Bionanotechnology involves the combination of the physics, chemistry and biology together in the research and application. With the development of physics and chemistry, new nanomaterials were synthesized, characterized and functionalized, which could be applied in fabrication of different kinds of devices in electronics [123-124] and biomedical diagnosis [125-126]. Because nanoscale materials have significantly different properties from the macroscales due to their dimensions, biomolecules including nucleic acids, peptides, and proteins may tailor their structures and functions, and even gain the novel characteristics when shared with nanotechnology [127-129]. Novel hybrids, therefore, can also be generated combining nanotechnology and biotechnology with new physicochemical properties and better biocompatibility to solve the problems in industry.

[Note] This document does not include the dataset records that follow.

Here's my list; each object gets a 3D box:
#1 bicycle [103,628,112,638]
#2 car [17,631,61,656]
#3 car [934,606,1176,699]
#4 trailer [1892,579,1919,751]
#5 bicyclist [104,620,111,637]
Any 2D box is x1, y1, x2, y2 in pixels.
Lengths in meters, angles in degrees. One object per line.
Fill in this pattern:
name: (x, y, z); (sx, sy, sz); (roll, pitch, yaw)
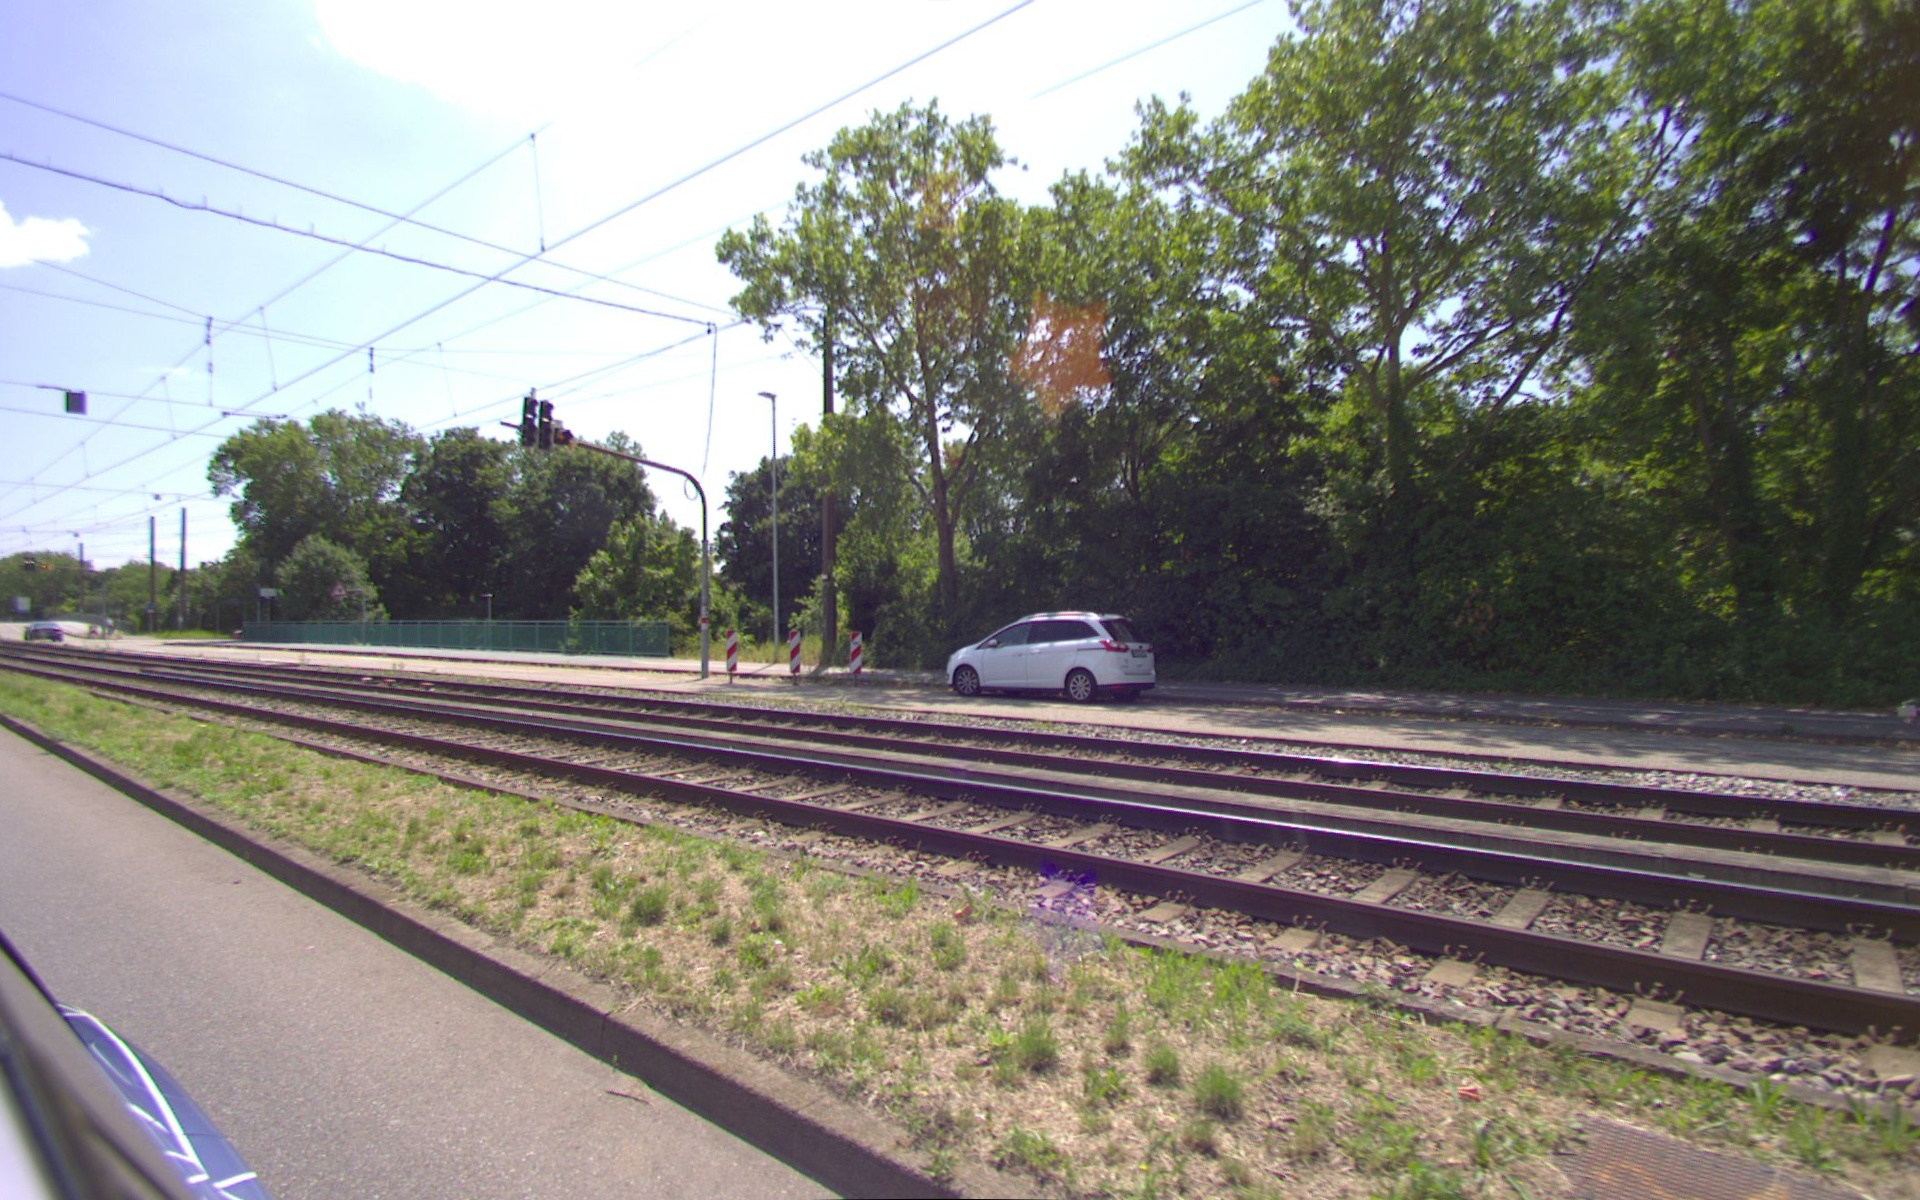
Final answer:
bicycle: (-77.293, 3.002, 91.734); (1.743, 0.875, 0.463); (-1, -1, 44)
car: (-69.097, 3.253, 75.900); (5.327, 1.733, 1.856); (-1, -1, 41)
car: (1.772, 1.065, 19.914); (4.612, 1.643, 1.702); (-3, -5, 40)
trailer: (13.282, 0.667, 9.816); (5.951, 1.903, 2.439); (-1, -1, 37)
bicyclist: (-77.156, 2.577, 91.587); (0.633, 1.485, 0.451); (-1, -1, 44)

Nanomaterials (carbon nanotubes [130-132], nanoparticles [11, 108, 115], fullerenes [133], nanofibers [16, 134-135], and mesoporous/nanoporous materials [3, 136-137]) used as solid support could provide the platform for enzymes to show and improve their functions [27]. The advantage of using nanoscale materials as support is that nanomaterials could provide upper limits on enzyme-efficiency-determining factors such as high surface area/volume ratios and enzyme loading capacity [1-2, 23, 138]. Moreover, nanomaterials expand the field of enzyme application from bioengineering to chemical and even electronic engineering, and let the enzyme function in some special conditions. Various types of enzymes have been used to make enzyme-nanomaterial conjugate. α-Chymotrypsin (α-CT) [139], alkaline phosphatase (AP) [140-141], glucose oxidase (GOx) [142-144] and horseradish peroxidase (HRP) [94], for instance, have been immobilized on different nanoparticles as the biocatalyst or biosensor. With the progress of bionanotechnology, more and more enzyme-nanomaterial conjugates have been made, which are applied in biosensor [28, 145], drug delivery [146-147], cell therapeutics [125, 148], and biocatalysis [2, 149].

2.6 Scope of This Thesis

My thesis will focus on obtaining immobilized oxidoreductases with high activity retention and stability improvement. As discussed in section 2.3, besides enzyme itself, two different factors can possibly lead to this goal: (1) selection of suitable enzyme immobilization methods and (2) choice of nanomaterials as the supporting materials. This thesis fulfills two requirements based on the following considerations: (1) The immobilization method should be efficient and specific to have high loading capacity and avoid unpredictable enzyme configuration changes. Furthermore, the specific immobilization could also avoid the costly enzyme purification step. (2) The series of nanomaterials used in the study should be easily functionalized and separated. Moreover, nanomaterials should have certain similarities as well as differences, which help to investigate the relationship between the performances of immobilized enzymes and properties of different supporting materials. (3) The immobilization system should be verified by different enzymes to demonstrate the robustness of the method. In addition, this thesis also includes the application of these novel nanoscale biocatalysts via building cofactor regeneration system to improve pharmaceutical intermediate productivity.